# standard vs. mag primers



## chainsaw (May 24, 2011)

Will it hurt to use mag primers in my 1911?


----------



## HK Dan (Dec 22, 2010)

No it won't hurt a thing. You can use them interchangeably.


----------



## chainsaw (May 24, 2011)

Thanks,i kinda fgured since winchester primers say for standard or magnum loads.


----------



## Steve M1911A1 (Feb 6, 2008)

Used to be, but maybe no longer is, that Magnum primers were "hotter," in that the flame they produced was physically longer and burned at higher temperatures. This would raise the pressure inside a non-Magnum load a little higher than you'd expect.
Might've been, too, that the cup of a Magnum primer was firmer (less soft), to better resist Magnum pressures. This would lead to misfires, if the firing-pin strike was a little anemic.
Used to be, that loading manuals would specify whether to use Magnum or non-Magnum primers with a specified load, and reloaders were admonished to use the exact components specified.

Has all this changed?

If you use Magnum primers in a 1911, I believe that you'll get both misfires and overpressure signs.


----------



## chainsaw (May 24, 2011)

How come the Winchester primers said they were for standard or magnum loads?Not trying to be a smart a or anything.I couldnt figure out how they could could be ok for mag and non mag so I used them all for my .44 mag. and thats all the local sg store has in stock.


----------



## Steve M1911A1 (Feb 6, 2008)

chainsaw said:


> How come the Winchester primers said they were for standard or magnum loads?...

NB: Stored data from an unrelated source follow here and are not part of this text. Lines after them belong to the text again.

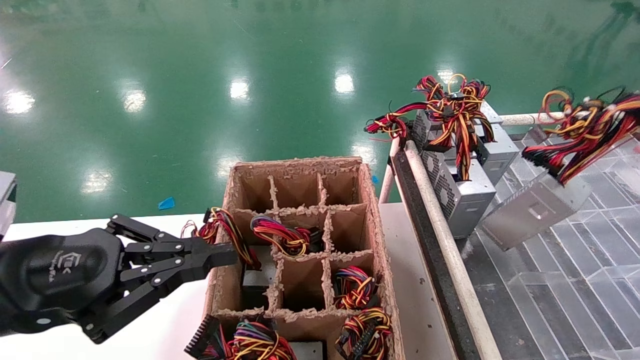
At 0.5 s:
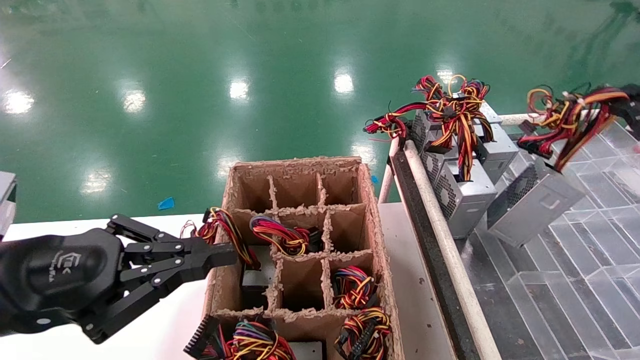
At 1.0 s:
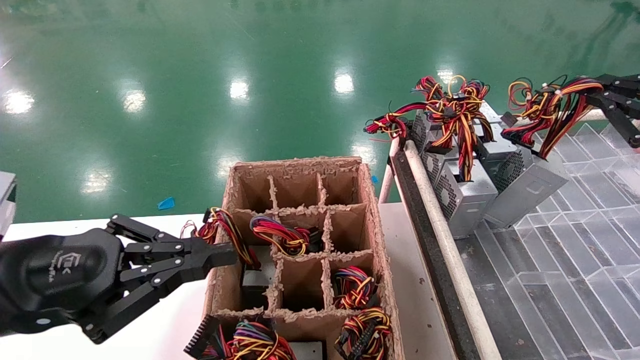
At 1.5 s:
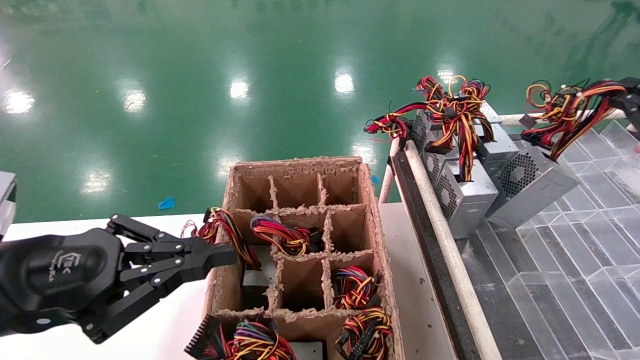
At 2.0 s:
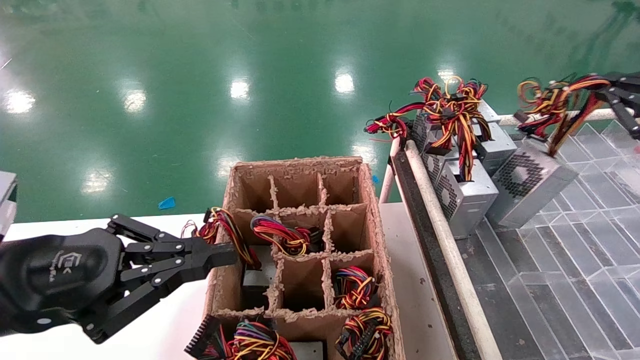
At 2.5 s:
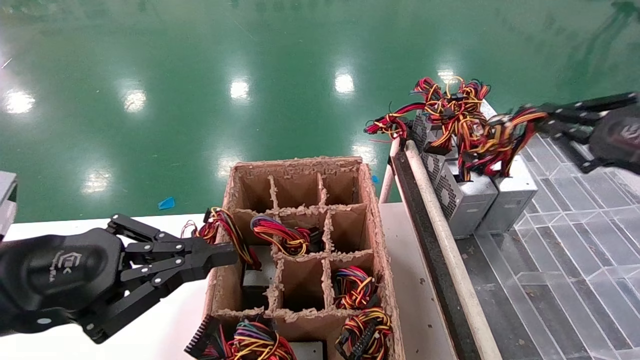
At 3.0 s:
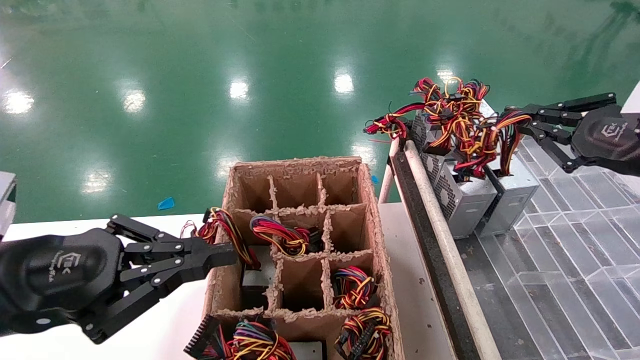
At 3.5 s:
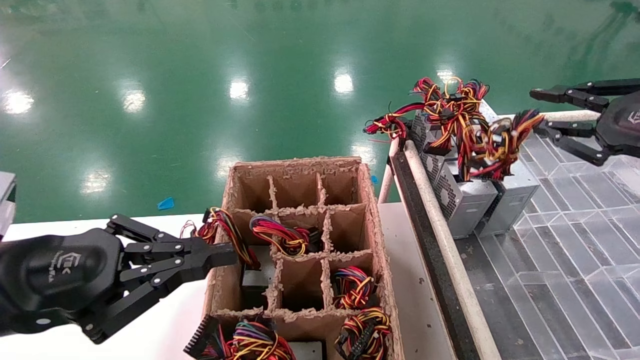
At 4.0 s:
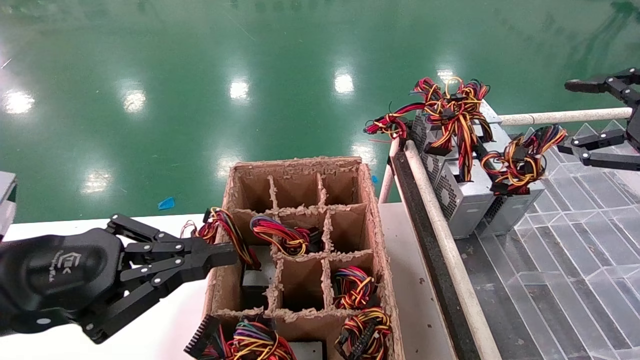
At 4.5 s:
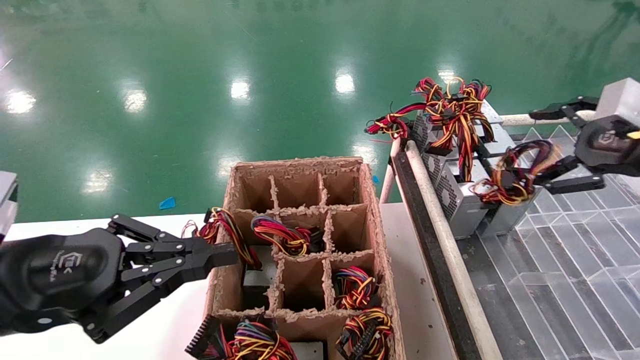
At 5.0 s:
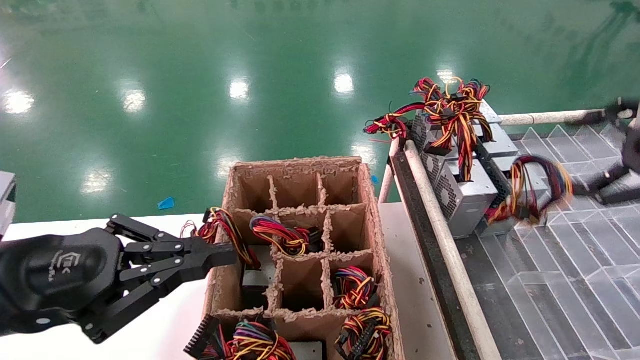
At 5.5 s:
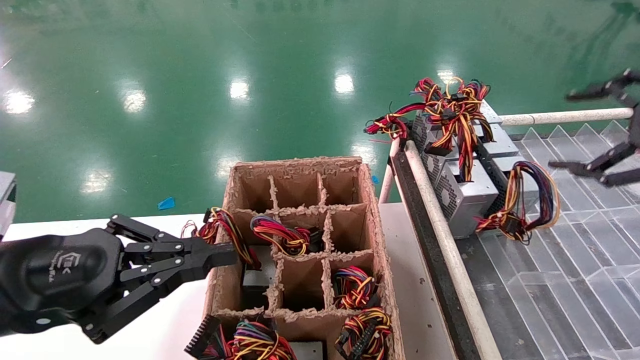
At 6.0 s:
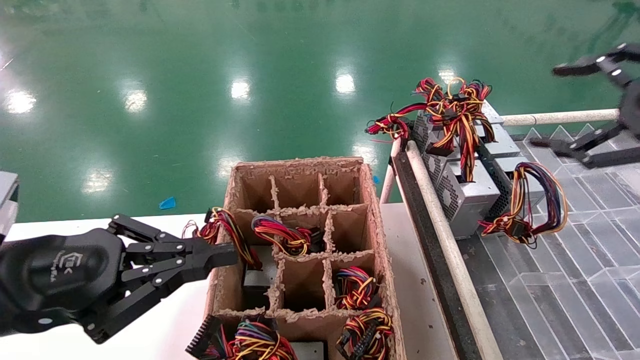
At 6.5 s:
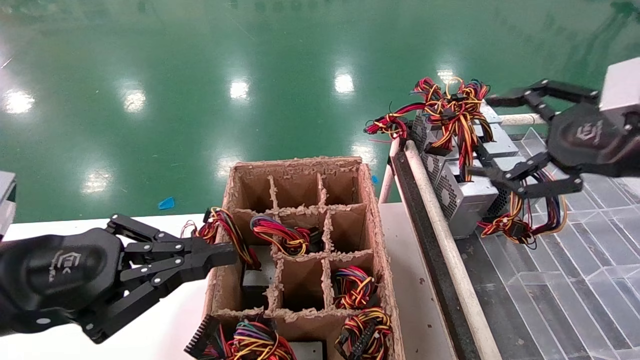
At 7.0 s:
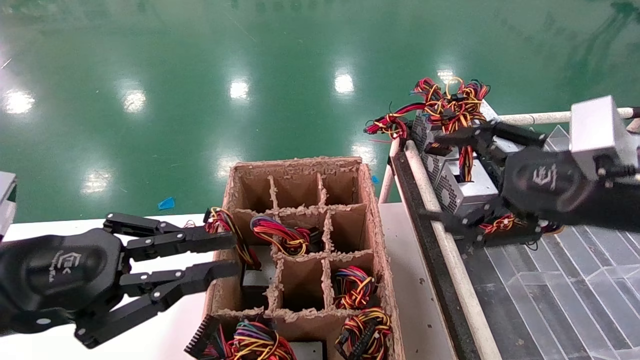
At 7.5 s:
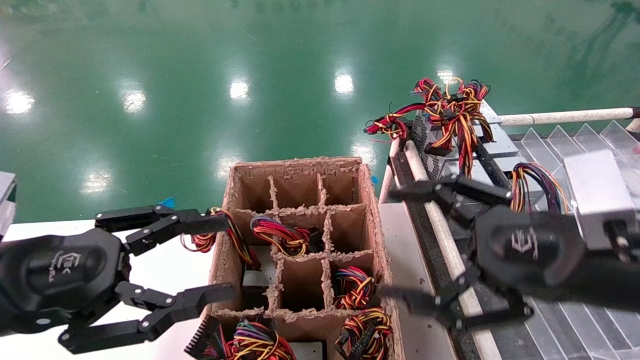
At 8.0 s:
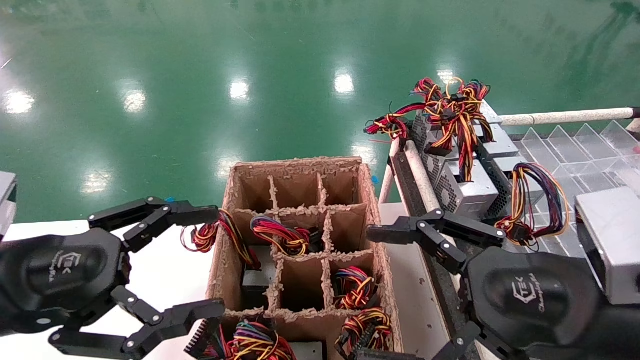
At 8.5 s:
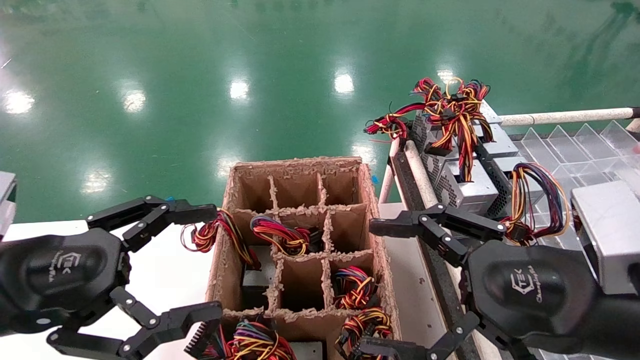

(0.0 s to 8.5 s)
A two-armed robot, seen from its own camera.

Quite seriously, I don't know.
I have to assume that Winchester knows what it's saying, but that information is newer than my experience, so I must be "out of the loop."
In truth, I'm still using primers (non-Winchester) that I bought about 15 years ago, and I haven't bought any since.

I do know from experience that some primers are "harder" than others.
I have a mini-pistol that has such a weak firing-pin strike that it won't set off the Remington pistol primers I'm using.
However, it fires factory-loaded cartridges (mostly Hornady) without a problem.


----------